2.『夏の夜の夢』試論2 ―tricksterのlibidoについて―

                                   上滝 圭介(博士後期課程1年)
 

妖精パックが中心に据えられた『夏の夜の夢』本編は「生への欲動(=エロス)」を強く感じさせる喜劇であるのに対し、機屋ボトムがパロディ化する劇中劇「ピラマスとシスビ」は、もとは恋人同士が誤って自決してしまうという「死への欲動(=タナトス)」の色濃い恋愛悲劇です。後期のフロイトがlibidoを上記の二種類のように分類したのは、libido一元論の立場で「原型」の概念を導入したユングと袂を分ってからでしたが、両者に共通して「神話」に生の類型を求める点はそっくりですし、たとえばフロイトがプラトンや「涅槃原則」を持ち出し、かたやユングは「マンダラ」や「虹色の全体性」などと言う点も類似します。劇本編は森のシーケンスの混乱と収束、そして劇中劇の混乱を挟みながらも大団円で終幕となりますが、その間の2人のtrickster的人物、パックとボトムの動向をフロイトとユングの用語とともにみていく、というのが本発表の骨子です。

 

★ 11月例会 研究発表 (平成19年11月24日) 

  [司会] 寺崎 隆行 (通信制大学院教授・経済学部教授) 

  [発表者] 

    1.亦部 美希 (博士後期課程3年)
       The Unarmed Prophet―Henry Ⅵに見るMachiavelli思想

    2.水口 俊介 (日本大学中学校・高等学校教諭)
       認知言語学からみた学校英文法 ―動詞の用法を中心として―

 

  [梗概]   

 1.The Unarmed Prophet―Henry Ⅵに見るMachiavelli思想 

亦部 美希(博士後期課程3年)                    

マキアヴェリ著『君主論』は、イギリス・ルネッサンス時代に影響を与えたと考えられている。同時代の作品、シェークスピアの『ヘンリー六世』に、『君主論』との共通点を伺い知ることができる。ヘンリーは正義を重んずる軍備なき国王であり、劇中でキリスト教的預言者‘prophet’と呼ばれる。しかし、彼が「愛され、かつ、恐れられる」という政治的能力が欠如していることを、臣民クリフォードは語る。『君主論』第17章には、君主の政治的資質について、“My view is that it is desirable to be both loved and feared”、第6章には、“all armed prophets succeed whereas unarmed ones fail. ”とある。両章に、臣民に恐れられていない、軍備なき「預言者」Henryの破滅の理論が現出している。上記共通点について、両作品の関連性を分析する。

 

 

 2.認知言語学からみた学校英文法 ―動詞の用法を中心として―

水口 俊介(日本大学中学校・高等学校教諭)

学校英文法では、動詞の現在時制、動詞の現在形の意味・用法を次のように扱っている。
(1)Betty seems to be sad.(現在の状態)
(2)His son goes to a famous school. (現在の習慣)
(3)Snow falls in winter. (一般的真理)
(4)I name this ship the Queen Elizabeth.(現在の行為――遂行動詞)
(5)Our train arrives at ten. (未来に起こる事柄)
(6)When spring comes, the cherry trees will blossom. (時・条件を表わす副詞節中)
(7)LIONS WIN VICTORY!(新聞の見出し)
(8)The center fielder catches the ball. He throws it to the home plate. (実況中継など)
(9) The battle began. The soldiers in front advance and throw grenades into the trenches of their enemy. Immediately after them heavy tanks attack with their main guns.(歴史的現在)
                                    (フロンティア英文法 研究社)

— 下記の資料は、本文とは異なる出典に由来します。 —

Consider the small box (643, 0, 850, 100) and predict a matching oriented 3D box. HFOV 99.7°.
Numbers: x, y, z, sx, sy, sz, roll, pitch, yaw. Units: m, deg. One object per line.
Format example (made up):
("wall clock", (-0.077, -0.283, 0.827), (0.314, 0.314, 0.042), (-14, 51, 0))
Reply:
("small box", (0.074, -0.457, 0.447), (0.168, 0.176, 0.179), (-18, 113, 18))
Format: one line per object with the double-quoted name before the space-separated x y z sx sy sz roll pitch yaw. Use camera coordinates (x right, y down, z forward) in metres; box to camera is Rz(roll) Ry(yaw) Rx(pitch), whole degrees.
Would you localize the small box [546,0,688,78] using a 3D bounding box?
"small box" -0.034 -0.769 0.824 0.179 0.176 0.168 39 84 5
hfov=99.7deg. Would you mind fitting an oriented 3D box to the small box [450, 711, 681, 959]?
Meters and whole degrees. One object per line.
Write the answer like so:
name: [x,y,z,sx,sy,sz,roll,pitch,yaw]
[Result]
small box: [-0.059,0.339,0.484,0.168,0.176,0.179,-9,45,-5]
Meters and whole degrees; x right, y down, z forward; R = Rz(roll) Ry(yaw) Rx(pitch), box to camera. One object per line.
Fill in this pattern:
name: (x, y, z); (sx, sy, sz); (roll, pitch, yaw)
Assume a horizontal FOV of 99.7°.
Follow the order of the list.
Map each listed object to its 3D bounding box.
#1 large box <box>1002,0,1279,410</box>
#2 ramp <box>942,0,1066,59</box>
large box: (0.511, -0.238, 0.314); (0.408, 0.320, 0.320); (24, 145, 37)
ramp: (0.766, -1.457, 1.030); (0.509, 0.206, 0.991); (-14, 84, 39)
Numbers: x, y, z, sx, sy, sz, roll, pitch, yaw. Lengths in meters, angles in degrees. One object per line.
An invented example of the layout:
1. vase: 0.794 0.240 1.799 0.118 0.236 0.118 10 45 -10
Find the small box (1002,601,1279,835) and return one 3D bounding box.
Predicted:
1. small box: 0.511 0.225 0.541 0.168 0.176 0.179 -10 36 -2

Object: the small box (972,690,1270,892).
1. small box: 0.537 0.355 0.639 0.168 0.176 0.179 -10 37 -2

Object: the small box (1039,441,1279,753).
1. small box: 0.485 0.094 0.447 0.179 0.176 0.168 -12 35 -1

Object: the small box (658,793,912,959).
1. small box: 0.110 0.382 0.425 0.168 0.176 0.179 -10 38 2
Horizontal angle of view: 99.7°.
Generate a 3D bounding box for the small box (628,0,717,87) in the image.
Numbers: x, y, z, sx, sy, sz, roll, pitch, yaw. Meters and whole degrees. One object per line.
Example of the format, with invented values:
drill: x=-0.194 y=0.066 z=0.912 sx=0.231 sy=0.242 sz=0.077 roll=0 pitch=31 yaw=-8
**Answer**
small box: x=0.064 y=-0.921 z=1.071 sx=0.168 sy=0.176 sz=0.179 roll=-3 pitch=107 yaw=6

  一見すると、多様な意味が存在するようにも見られるが、本発表では、それぞれの意味を横断するかたちで、英語話者に共通した認知的基盤・動機付けが存在することを確認し、認知言語学の観点から動詞の単純・現在形(現在時制)を中心に考察を試みたい。基本的には、Langacker(1987、1991など)のDynamic Usage Based Model, Bybee(2007など)のFrequency Model,池上(2003,2004,2006など)の主観性、水口(1993,1995など)の認知の程度(特殊化の程度)を基調に論を進め、subjectification, type-frequency, token-frequency, figure-ground, degree of specialization等の認知言語学的道具立てを縦横無尽に駆使して、英語動詞の単純・現在形(現在時制)の認知的メカニズムを紐解き、その動機付けを論じることになる。構造は単純に見える動詞の現在形(現在時制)を用いた構文には、複雑かつナイーブな認知基盤が存在していることを見ていくことになる。しかし、理論による理論の議論というよりはむしろ、実例に即しながら、学校英文法への寄与を念頭において具体的かつ実用的な話を心がけたい。


 

★ 10月英語学シンポジウム (平成19年10月20日)

  [司会]  塚本 聡 (文理学部准教授) 

  [シンポジウム]  『語をとらえる』    

 [梗概]  

         司会 文理学部准教授 塚本 聡

はじめに

 中学、高校を通して英語を学習する際には、名詞、冠詞や動詞など品詞についての言及があり、また、辞典にも当然のごとく品詞区分が記載されている。例えば、ウィズダム英和辞典(第2版)によれば、以下の10品詞が提示されている。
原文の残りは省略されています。